Improving the Moving Average Analysis

Given that the seasonality in this time series is 365 days, you can smooth out the trend and seasonality using a technique called differencing, which just subtracts the value at t – 365 from the value at t. This will flatten out the diagram. Here’s the code:

diff_series = (series[365:] - series[:-365])
diff_time = time[365:]

You can now calculate a moving average of these values and add back in the past values:

diff_moving_avg = 
    moving_average_forecast(diff_series, 50)[split_time - 365 - 50:]

diff_moving_avg_plus_smooth_past = 
    moving_average_forecast(series[split_time - 370:-360], 10) + 

When you plot this (see Figure 9-9), you can already see an improvement in the predicted values: the trend line is very close to the actual values, albeit with the noise smoothed out. Seasonality seems to be working, as does the trend.

Figure 9-9. Improved moving average

This impression is confirmed by calculating the MSE and MAE—in this case I got 40.9 and 5.13, respectively, showing a clear improvement in the predictions.

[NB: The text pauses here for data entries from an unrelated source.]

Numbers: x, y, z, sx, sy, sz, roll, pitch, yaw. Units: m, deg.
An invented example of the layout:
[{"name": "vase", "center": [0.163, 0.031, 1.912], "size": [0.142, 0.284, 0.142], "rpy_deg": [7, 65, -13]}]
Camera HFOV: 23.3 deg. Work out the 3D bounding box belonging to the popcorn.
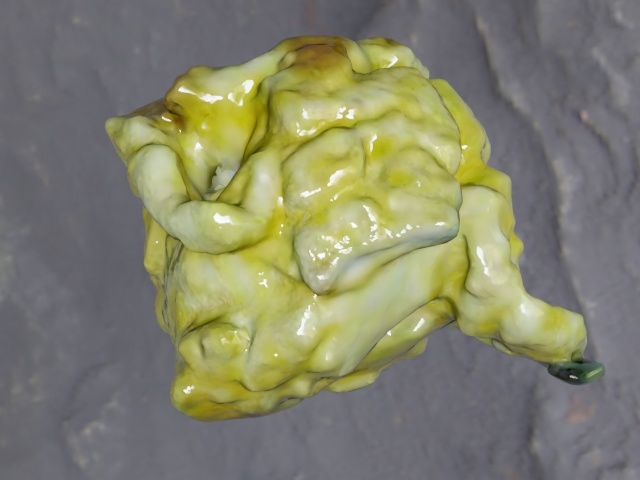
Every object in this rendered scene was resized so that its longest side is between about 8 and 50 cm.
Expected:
[{"name": "popcorn", "center": [-0.002, -0.009, 0.987], "size": [0.293, 0.293, 0.237], "rpy_deg": [-5, 92, 60]}]
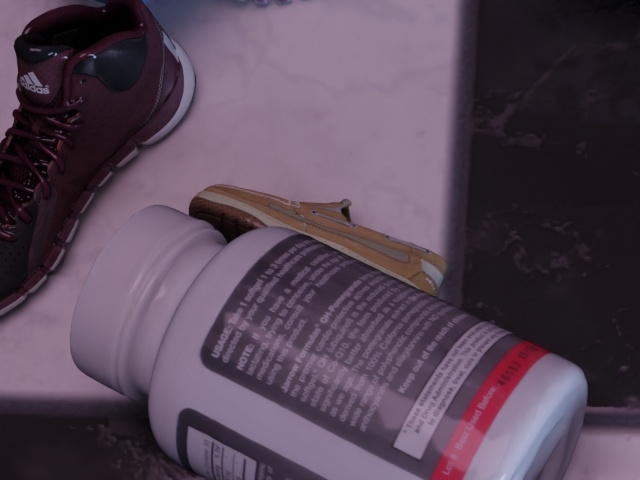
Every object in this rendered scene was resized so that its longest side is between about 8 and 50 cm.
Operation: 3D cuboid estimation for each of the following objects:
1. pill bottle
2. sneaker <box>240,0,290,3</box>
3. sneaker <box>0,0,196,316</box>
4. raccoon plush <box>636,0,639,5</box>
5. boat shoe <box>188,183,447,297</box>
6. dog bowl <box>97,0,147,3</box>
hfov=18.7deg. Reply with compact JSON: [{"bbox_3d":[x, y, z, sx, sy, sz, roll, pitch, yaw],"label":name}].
[{"bbox_3d":[-0.001,0.097,1.280,0.319,0.176,0.176,26,73,20],"label":"pill bottle"},{"bbox_3d":[0.004,-0.255,1.491,0.236,0.095,0.104,-9,58,1],"label":"sneaker"},{"bbox_3d":[-0.215,-0.075,1.404,0.106,0.162,0.281,33,75,22],"label":"sneaker"},{"bbox_3d":[0.348,-0.328,1.339,0.299,0.216,0.446,9,73,32],"label":"raccoon plush"},{"bbox_3d":[0.000,0.000,1.393,0.190,0.068,0.072,26,61,10],"label":"boat shoe"},{"bbox_3d":[-0.134,-0.300,1.486,0.166,0.074,0.297,-33,38,43],"label":"dog bowl"}]
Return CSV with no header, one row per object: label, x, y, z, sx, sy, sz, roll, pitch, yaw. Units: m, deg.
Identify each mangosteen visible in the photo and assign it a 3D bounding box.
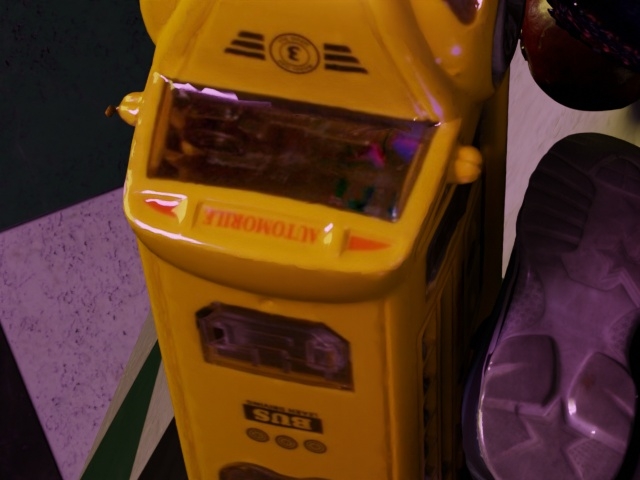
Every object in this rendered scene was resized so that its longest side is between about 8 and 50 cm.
mangosteen,0.130,-0.099,0.879,0.081,0.081,0.081,-62,11,21

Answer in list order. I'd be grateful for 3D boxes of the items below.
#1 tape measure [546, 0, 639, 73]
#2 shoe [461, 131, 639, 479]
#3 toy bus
tape measure,0.160,-0.164,0.691,0.202,0.135,0.223,163,129,-78
shoe,0.094,0.040,0.769,0.099,0.071,0.169,119,171,-63
toy bus,0.000,0.000,0.781,0.330,0.144,0.152,85,-159,-51
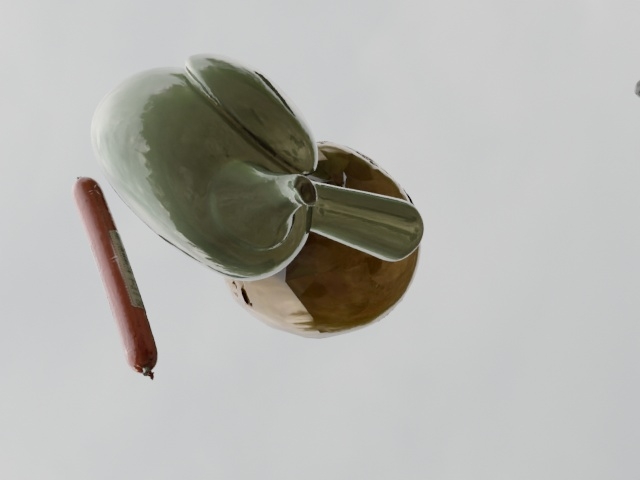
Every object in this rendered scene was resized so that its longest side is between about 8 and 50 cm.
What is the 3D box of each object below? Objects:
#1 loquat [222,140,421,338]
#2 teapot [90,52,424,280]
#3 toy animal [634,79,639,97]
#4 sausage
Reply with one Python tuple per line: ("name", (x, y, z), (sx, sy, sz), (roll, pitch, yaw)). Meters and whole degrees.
("loquat", (0.000, 0.000, 2.148), (0.235, 0.235, 0.235), (-19, -67, -53))
("teapot", (-0.059, -0.057, 1.593), (0.149, 0.220, 0.318), (-46, -20, 9))
("toy animal", (0.368, -0.164, 1.631), (0.073, 0.217, 0.176), (17, -136, -22))
("sausage", (-0.191, 0.030, 1.739), (0.034, 0.034, 0.253), (45, -162, -50))
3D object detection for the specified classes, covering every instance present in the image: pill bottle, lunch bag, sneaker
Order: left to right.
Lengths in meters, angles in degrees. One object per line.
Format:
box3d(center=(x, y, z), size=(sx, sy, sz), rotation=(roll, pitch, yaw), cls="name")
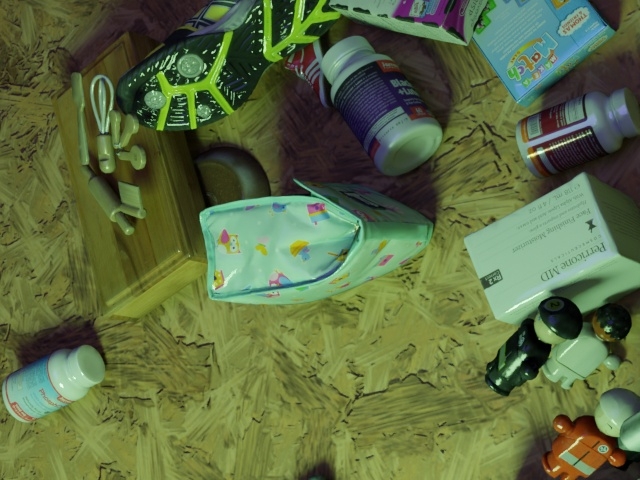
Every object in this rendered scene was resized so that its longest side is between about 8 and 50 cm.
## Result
box3d(center=(-0.425, 0.225, 2.242), size=(0.160, 0.087, 0.087), rotation=(-26, 68, 26), cls="pill bottle")
box3d(center=(-0.138, -0.300, 2.119), size=(0.384, 0.145, 0.147), rotation=(-31, 32, 5), cls="sneaker")
box3d(center=(-0.015, -0.243, 2.099), size=(0.067, 0.042, 0.118), rotation=(-19, 64, 24), cls="sneaker")
box3d(center=(0.000, 0.000, 1.937), size=(0.262, 0.223, 0.160), rotation=(-13, 82, 29), cls="lunch bag")
box3d(center=(0.081, -0.196, 1.992), size=(0.108, 0.108, 0.193), rotation=(-42, 63, 19), cls="pill bottle")
box3d(center=(0.340, -0.143, 1.834), size=(0.152, 0.086, 0.086), rotation=(-20, 71, 28), cls="pill bottle")

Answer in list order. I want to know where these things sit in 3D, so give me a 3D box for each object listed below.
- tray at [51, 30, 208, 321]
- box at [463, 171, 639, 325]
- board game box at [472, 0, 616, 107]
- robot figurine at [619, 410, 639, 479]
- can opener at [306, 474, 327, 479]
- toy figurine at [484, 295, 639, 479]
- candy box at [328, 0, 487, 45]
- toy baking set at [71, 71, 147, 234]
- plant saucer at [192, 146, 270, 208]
box3d(center=(-0.299, -0.102, 2.201), size=(0.203, 0.076, 0.411), rotation=(-34, 62, 31), cls="tray")
box3d(center=(0.310, 0.021, 1.766), size=(0.181, 0.182, 0.119), rotation=(-30, 66, 24), cls="box")
box3d(center=(0.282, -0.313, 1.929), size=(0.160, 0.039, 0.211), rotation=(-40, 62, 20), cls="board game box")
box3d(center=(0.513, 0.240, 1.538), size=(0.353, 0.200, 0.300), rotation=(4, 71, -12), cls="robot figurine")
box3d(center=(-0.084, 0.443, 2.000), size=(0.280, 0.093, 0.074), rotation=(-42, 64, 9), cls="can opener")
box3d(center=(0.333, 0.174, 1.705), size=(0.148, 0.209, 0.213), rotation=(-51, 57, 31), cls="toy figurine")
box3d(center=(0.137, -0.373, 1.976), size=(0.233, 0.071, 0.159), rotation=(22, 87, 45), cls="candy box")
box3d(center=(-0.315, -0.137, 2.113), size=(0.256, 0.030, 0.197), rotation=(46, 134, 38), cls="toy baking set")
box3d(center=(-0.168, -0.051, 2.164), size=(0.198, 0.036, 0.199), rotation=(-7, 77, 31), cls="plant saucer")
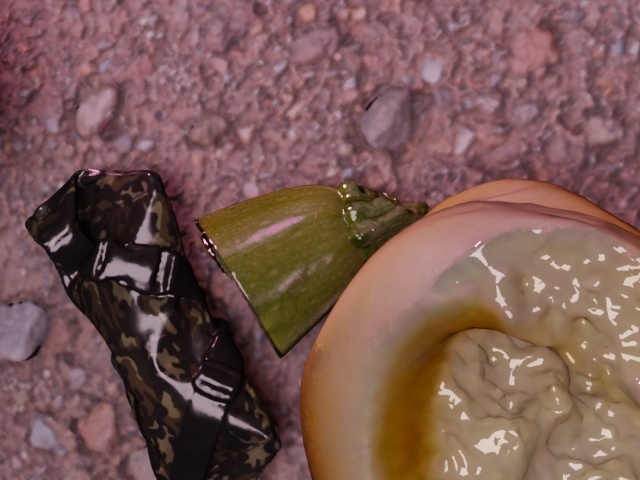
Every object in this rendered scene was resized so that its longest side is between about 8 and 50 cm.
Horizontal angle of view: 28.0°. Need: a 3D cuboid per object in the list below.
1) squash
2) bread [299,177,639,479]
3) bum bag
[{"bbox_3d":[0.001,-0.003,0.803,0.132,0.105,0.105,-32,89,-3],"label":"squash"},{"bbox_3d":[0.205,0.119,0.675,0.424,0.245,0.329,31,139,9],"label":"bread"},{"bbox_3d":[-0.103,0.066,0.832,0.102,0.069,0.248,-26,92,12],"label":"bum bag"}]
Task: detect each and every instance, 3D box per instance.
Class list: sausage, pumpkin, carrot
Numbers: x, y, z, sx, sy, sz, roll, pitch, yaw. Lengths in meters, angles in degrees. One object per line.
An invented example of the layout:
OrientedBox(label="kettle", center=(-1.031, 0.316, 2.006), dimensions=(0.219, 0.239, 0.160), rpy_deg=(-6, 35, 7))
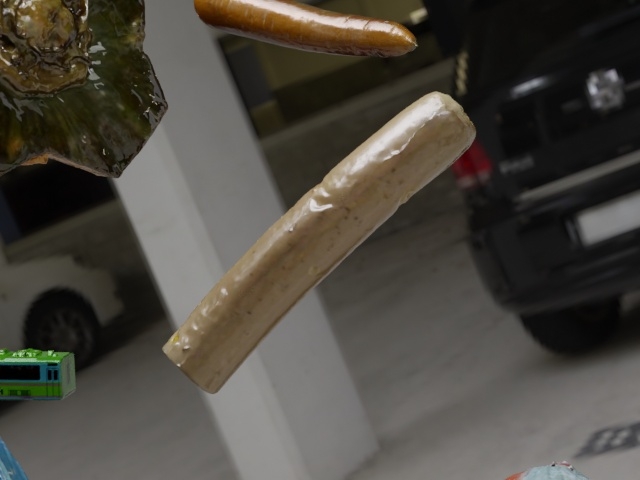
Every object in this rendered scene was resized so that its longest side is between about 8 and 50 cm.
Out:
OrientedBox(label="sausage", center=(-0.002, -0.001, 1.159), dimensions=(0.301, 0.066, 0.066), rpy_deg=(-45, 8, 4))
OrientedBox(label="pumpkin", center=(-0.224, -0.142, 1.045), dimensions=(0.258, 0.290, 0.095), rpy_deg=(3, -11, -44))
OrientedBox(label="carrot", center=(-0.010, -0.141, 0.976), dimensions=(0.190, 0.037, 0.037), rpy_deg=(20, 35, 36))

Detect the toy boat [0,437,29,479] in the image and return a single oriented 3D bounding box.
OrientedBox(label="toy boat", center=(-0.281, 0.193, 1.112), dimensions=(0.098, 0.238, 0.109), rpy_deg=(-2, -51, -45))

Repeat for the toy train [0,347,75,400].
OrientedBox(label="toy train", center=(-0.322, 0.115, 1.306), dimensions=(0.209, 0.042, 0.044), rpy_deg=(0, 5, 7))

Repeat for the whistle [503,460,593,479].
OrientedBox(label="whistle", center=(0.158, 0.303, 1.441), dimensions=(0.348, 0.189, 0.189), rpy_deg=(-6, 14, 22))
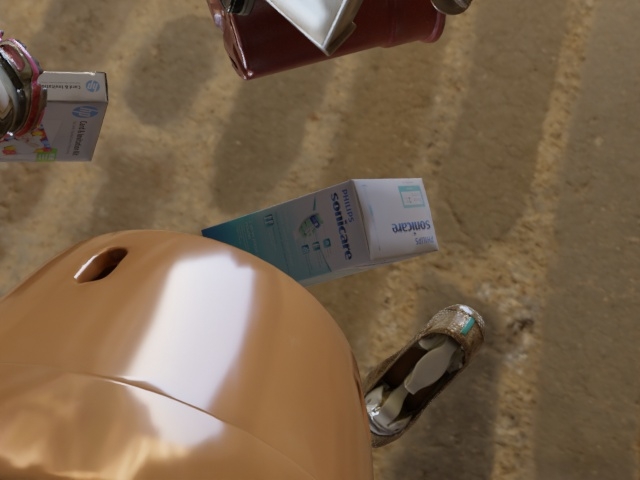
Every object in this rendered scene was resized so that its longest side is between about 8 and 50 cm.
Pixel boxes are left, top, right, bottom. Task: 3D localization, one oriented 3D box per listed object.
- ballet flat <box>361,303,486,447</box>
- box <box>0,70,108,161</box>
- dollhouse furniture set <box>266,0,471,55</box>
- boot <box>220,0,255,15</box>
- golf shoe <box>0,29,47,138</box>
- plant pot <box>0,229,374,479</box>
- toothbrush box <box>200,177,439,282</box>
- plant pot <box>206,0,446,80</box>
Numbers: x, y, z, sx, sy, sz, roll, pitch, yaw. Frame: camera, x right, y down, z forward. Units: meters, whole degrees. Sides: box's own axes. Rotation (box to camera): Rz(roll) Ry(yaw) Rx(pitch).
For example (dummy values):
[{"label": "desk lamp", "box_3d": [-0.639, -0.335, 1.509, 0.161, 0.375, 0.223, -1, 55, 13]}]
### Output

This chapter introduced time series data and some of the common attributes of time series. You created a synthetic time series and saw how you can start making naive predictions on it. From these predictions, you established baseline measurements using mean squared error and mean average error. It was a nice break from TensorFlow, but in the next chapter you’ll go back to using TensorFlow and ML to see if you can improve on your predictions!